=== INFORMATION PROVIDED ===

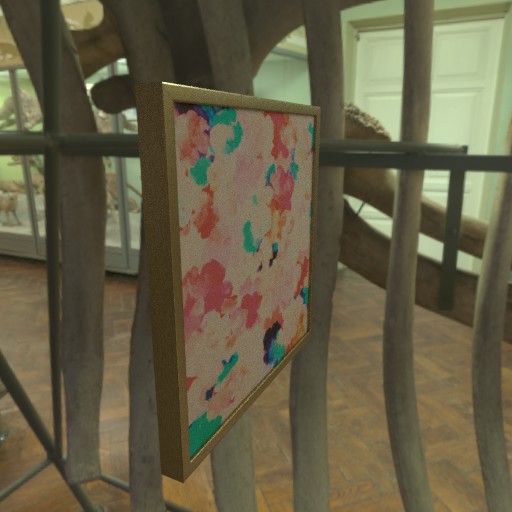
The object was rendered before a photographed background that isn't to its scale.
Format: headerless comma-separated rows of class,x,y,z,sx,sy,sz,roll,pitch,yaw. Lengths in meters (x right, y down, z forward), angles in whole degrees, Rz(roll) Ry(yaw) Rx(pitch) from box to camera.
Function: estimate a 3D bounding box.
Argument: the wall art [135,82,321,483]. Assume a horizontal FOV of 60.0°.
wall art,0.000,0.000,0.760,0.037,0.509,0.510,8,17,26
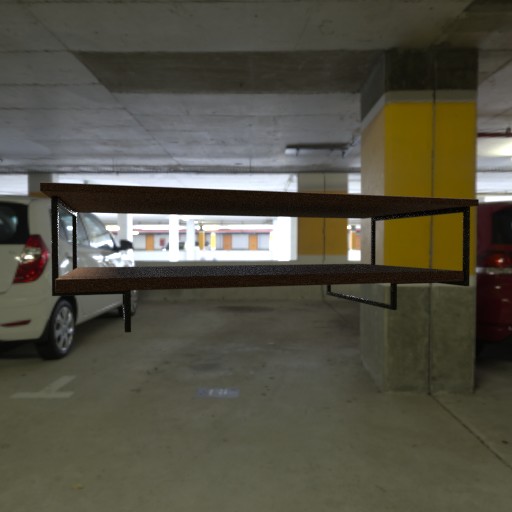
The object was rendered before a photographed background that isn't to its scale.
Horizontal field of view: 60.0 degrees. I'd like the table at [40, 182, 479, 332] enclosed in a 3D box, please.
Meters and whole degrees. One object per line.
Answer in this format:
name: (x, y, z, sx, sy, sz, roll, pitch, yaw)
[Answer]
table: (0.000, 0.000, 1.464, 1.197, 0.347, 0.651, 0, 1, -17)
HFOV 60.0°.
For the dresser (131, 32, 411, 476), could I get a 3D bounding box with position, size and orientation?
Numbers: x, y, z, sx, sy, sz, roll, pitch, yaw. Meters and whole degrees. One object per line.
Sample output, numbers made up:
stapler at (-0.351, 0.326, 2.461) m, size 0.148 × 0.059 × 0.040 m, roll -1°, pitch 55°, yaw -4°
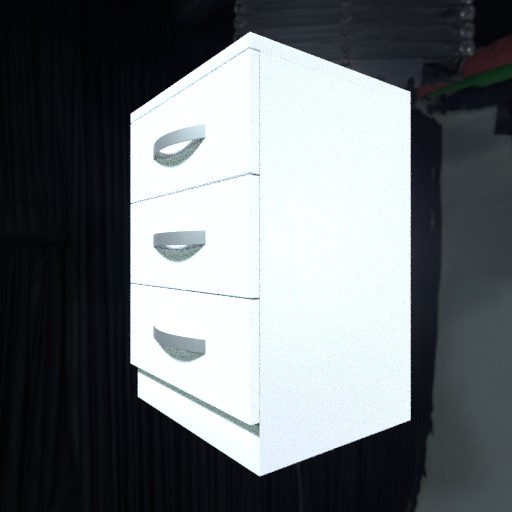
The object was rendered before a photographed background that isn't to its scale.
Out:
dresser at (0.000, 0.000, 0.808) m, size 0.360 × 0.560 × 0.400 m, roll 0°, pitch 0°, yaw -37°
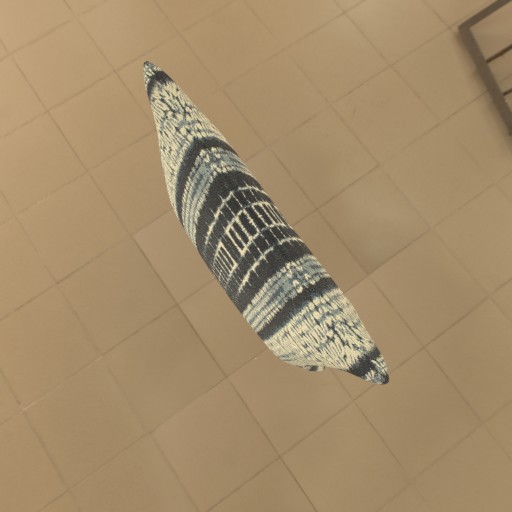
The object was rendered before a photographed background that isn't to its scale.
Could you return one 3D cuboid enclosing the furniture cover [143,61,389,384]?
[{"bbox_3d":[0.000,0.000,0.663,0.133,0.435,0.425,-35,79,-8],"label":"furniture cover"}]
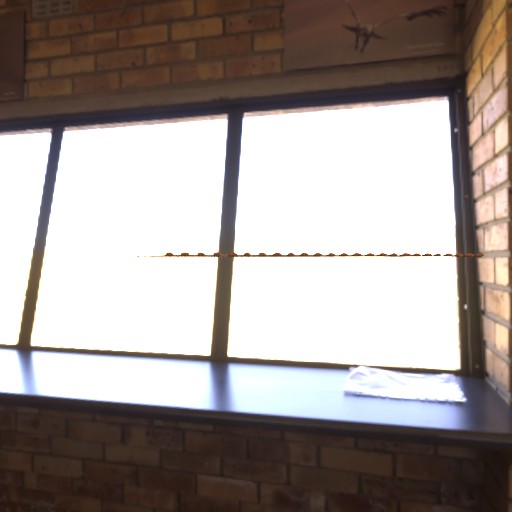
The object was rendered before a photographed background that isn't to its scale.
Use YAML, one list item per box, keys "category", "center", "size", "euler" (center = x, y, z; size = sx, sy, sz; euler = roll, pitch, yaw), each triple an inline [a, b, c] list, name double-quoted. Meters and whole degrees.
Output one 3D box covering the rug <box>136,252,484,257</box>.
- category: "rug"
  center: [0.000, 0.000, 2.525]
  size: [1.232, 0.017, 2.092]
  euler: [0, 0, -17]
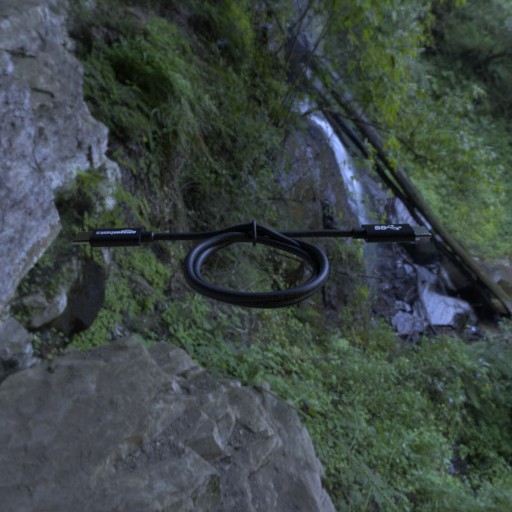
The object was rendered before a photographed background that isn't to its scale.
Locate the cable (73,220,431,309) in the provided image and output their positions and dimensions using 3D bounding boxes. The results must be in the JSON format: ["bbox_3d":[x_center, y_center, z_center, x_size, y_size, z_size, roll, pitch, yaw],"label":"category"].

===

▶ _PROBLEM STATEMENT_:
When the listing is transcribed, every line must match the original exactly, and the pictures must be left out.

▶ _RESULT OF THE EXERCISE_:
The object was rendered before a photographed background that isn't to its scale.
Format: headerless comma-separated rows of class,x,y,z,sx,sy,sz,roll,pitch,yaw. Lengths in meters (x right, y down, z forward), angles in whole degrees, Rz(roll) Ry(yaw) Rx(pitch) from box to camera.
Function: estimate a 3D bounding box.
Argument: the wall art [135,82,321,483]. Assume a horizontal FOV of 60.0°.
wall art,0.000,0.000,0.760,0.037,0.509,0.510,8,17,26
The object was rendered before a photographed background that isn't to its scale.
Horizontal field of view: 60.0 degrees. I'd like the table at [40, 182, 479, 332] enclosed in a 3D box, please.
Meters and whole degrees. One object per line.
Answer in this format:
name: (x, y, z, sx, sy, sz, roll, pitch, yaw)
[Answer]
table: (0.000, 0.000, 1.464, 1.197, 0.347, 0.651, 0, 1, -17)
HFOV 60.0°.
For the dresser (131, 32, 411, 476), could I get a 3D bounding box with position, size and orientation?
Numbers: x, y, z, sx, sy, sz, roll, pitch, yaw. Meters and whole degrees. One object per line.
Sample output, numbers made up:
stapler at (-0.351, 0.326, 2.461) m, size 0.148 × 0.059 × 0.040 m, roll -1°, pitch 55°, yaw -4°
The object was rendered before a photographed background that isn't to its scale.
Out:
dresser at (0.000, 0.000, 0.808) m, size 0.360 × 0.560 × 0.400 m, roll 0°, pitch 0°, yaw -37°
The object was rendered before a photographed background that isn't to its scale.
Could you return one 3D cuboid enclosing the furniture cover [143,61,389,384]?
[{"bbox_3d":[0.000,0.000,0.663,0.133,0.435,0.425,-35,79,-8],"label":"furniture cover"}]
The object was rendered before a photographed background that isn't to its scale.
Use YAML, one list item per box, keys "category", "center", "size", "euler" (center = x, y, z; size = sx, sy, sz; euler = roll, pitch, yaw), each triple an inline [a, b, c] list, name double-quoted. Meters and whole degrees.
Output one 3D box covering the rug <box>136,252,484,257</box>.
- category: "rug"
  center: [0.000, 0.000, 2.525]
  size: [1.232, 0.017, 2.092]
  euler: [0, 0, -17]
The object was rendered before a photographed background that isn't to its scale.
Locate the cable (73,220,431,309) in the provided image and output their positions and dimensions using 3D bounding boxes. The results must be in the JSON format: ["bbox_3d":[x_center, y_center, z_center, x_size, y_size, z_size, roll, pitch, yaw],"label":"category"].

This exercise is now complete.